A heat treatment was performed for 2 hours to obtain a surface reoxidized semiconductor porcelain. In Table 1, the term "spacer" means a spacer formed from the above powder. Ag electrode material paste was applied in a circular shape of 6 m φ on both sides of the surface reoxidation type semiconductor porcelain obtained above, and baked at 1.800℃ for 10 minutes to test the surface reoxidation type semiconductor porcelain capacitor. I got a fee.

For the 6,500 capacitor samples obtained in this way, the measurement frequency was 1kHz, the measurement voltage was 0.4VC', the capacitance C[nF], g[lt loss 1*nδ(%), O, and the voltage of 50V DC were measured at 15 Insulation resistance IR after applying for seconds
(Measure MQI, average value = 1 variation (3σ/ma),
The ratio of the throughput per pod, that is, the throughput ratio, was determined and the results are shown in Table 2.

As shown in Table 1, Table 2, and Table 2, all the samples obtained in Examples 1 to 4 of the present invention have capacitance, dielectric loss, insulation resistance, and the conventional flat packing shown in Comparative Example 1. It had the same characteristics as the samples obtained by this method, and had smaller variations in capacitance and dielectric loss than the samples obtained in Comparative Examples 2 and 3.

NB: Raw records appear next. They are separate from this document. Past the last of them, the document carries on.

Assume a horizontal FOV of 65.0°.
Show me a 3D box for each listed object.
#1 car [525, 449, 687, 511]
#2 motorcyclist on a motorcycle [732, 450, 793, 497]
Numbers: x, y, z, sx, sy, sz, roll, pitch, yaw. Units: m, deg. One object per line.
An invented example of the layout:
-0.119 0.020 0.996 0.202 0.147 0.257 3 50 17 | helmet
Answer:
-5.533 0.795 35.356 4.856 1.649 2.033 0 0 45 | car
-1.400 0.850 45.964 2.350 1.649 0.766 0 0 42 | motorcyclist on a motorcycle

In addition, in terms of the throughput per pod, the throughput was more than seven times that of the conventional flat packing method.

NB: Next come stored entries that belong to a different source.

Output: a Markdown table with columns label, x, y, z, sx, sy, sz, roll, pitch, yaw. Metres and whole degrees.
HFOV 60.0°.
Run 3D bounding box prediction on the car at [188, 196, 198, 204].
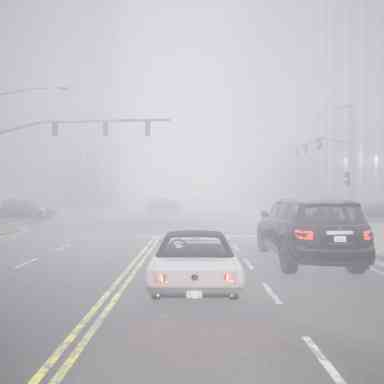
| label | x | y | z | sx | sy | sz | roll | pitch | yaw |
| --- | --- | --- | --- | --- | --- | --- | --- | --- | --- |
| car | 0.169 | 1.491 | 62.149 | 2.128 | 1.511 | 4.902 | 0 | 0 | 0 |

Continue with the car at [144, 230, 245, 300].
| label | x | y | z | sx | sy | sz | roll | pitch | yaw |
| --- | --- | --- | --- | --- | --- | --- | --- | --- | --- |
| car | 0.072 | 1.601 | 8.346 | 1.895 | 1.301 | 4.718 | 0 | 0 | 1 |

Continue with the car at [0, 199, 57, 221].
| label | x | y | z | sx | sy | sz | roll | pitch | yaw |
| --- | --- | --- | --- | --- | --- | --- | --- | --- | --- |
| car | -13.228 | 1.351 | 26.766 | 4.553 | 1.767 | 2.097 | 0 | 0 | 11 |

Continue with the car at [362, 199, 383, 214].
| label | x | y | z | sx | sy | sz | roll | pitch | yaw |
| --- | --- | --- | --- | --- | --- | --- | --- | --- | --- |
| car | 20.895 | 1.491 | 35.011 | 4.902 | 1.511 | 2.128 | 0 | 0 | -1 |

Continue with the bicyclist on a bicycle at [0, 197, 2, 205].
| label | x | y | z | sx | sy | sz | roll | pitch | yaw |
| --- | --- | --- | --- | --- | --- | --- | --- | --- | --- |
| bicyclist on a bicycle | -26.356 | 1.301 | 45.380 | 0.582 | 1.620 | 1.656 | 0 | 0 | 0 |

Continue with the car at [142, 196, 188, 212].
| label | x | y | z | sx | sy | sz | roll | pitch | yaw |
| --- | --- | --- | --- | --- | --- | --- | --- | --- | --- |
| car | -3.071 | 1.491 | 38.072 | 2.128 | 1.511 | 4.902 | 0 | 0 | 34 |

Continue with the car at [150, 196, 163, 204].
| label | x | y | z | sx | sy | sz | roll | pitch | yaw |
| --- | --- | --- | --- | --- | --- | --- | --- | --- | --- |
| car | -6.936 | 1.547 | 65.737 | 2.033 | 1.411 | 5.357 | 0 | 0 | 1 |

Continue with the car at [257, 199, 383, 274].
| label | x | y | z | sx | sy | sz | roll | pitch | yaw |
| --- | --- | --- | --- | --- | --- | --- | --- | --- | --- |
| car | 3.589 | 1.222 | 10.699 | 2.150 | 2.045 | 5.566 | 0 | 0 | 0 |

In the above embodiments, alumina or zirconia was used as the powder, but the present invention is not limited to this. Among metals, metal oxides, carbides, and nitrides,
It is possible to use various powders selected from powders having a melting point 100° C. or more higher than the heat treatment temperature.

〔Effect of the invention〕

According to the present invention, as shown in the results of the above examples, surface reoxidation type semiconductor ceramic capacitors can be efficiently manufactured without increasing variation in characteristics or deteriorating characteristics.

Claims (1)

[Claims] The raw materials for semiconductor porcelain are mixed and then molded, the resulting molded body is fired in the air, heat treated in a reducing atmosphere, and then heat treated again in the air to reoxidize the surface. In a method for manufacturing a surface reoxidation type semiconductor ceramic capacitor in which a pair of electrode layers is formed on the surface of a type semiconductor ceramic, metals or metal oxides, carbides, and nitrides are removed when the semiconductor ceramic is heat-treated in the atmosphere again. Of things,
A surface reoxidation type semiconductor porcelain characterized by preparing a powder having a melting point higher than the heat treatment temperature by 100°C or more, and heat-treating the semiconductor porcelain in a stacked state so that the powder exists between the semiconductor porcelains. Method of manufacturing capacitors.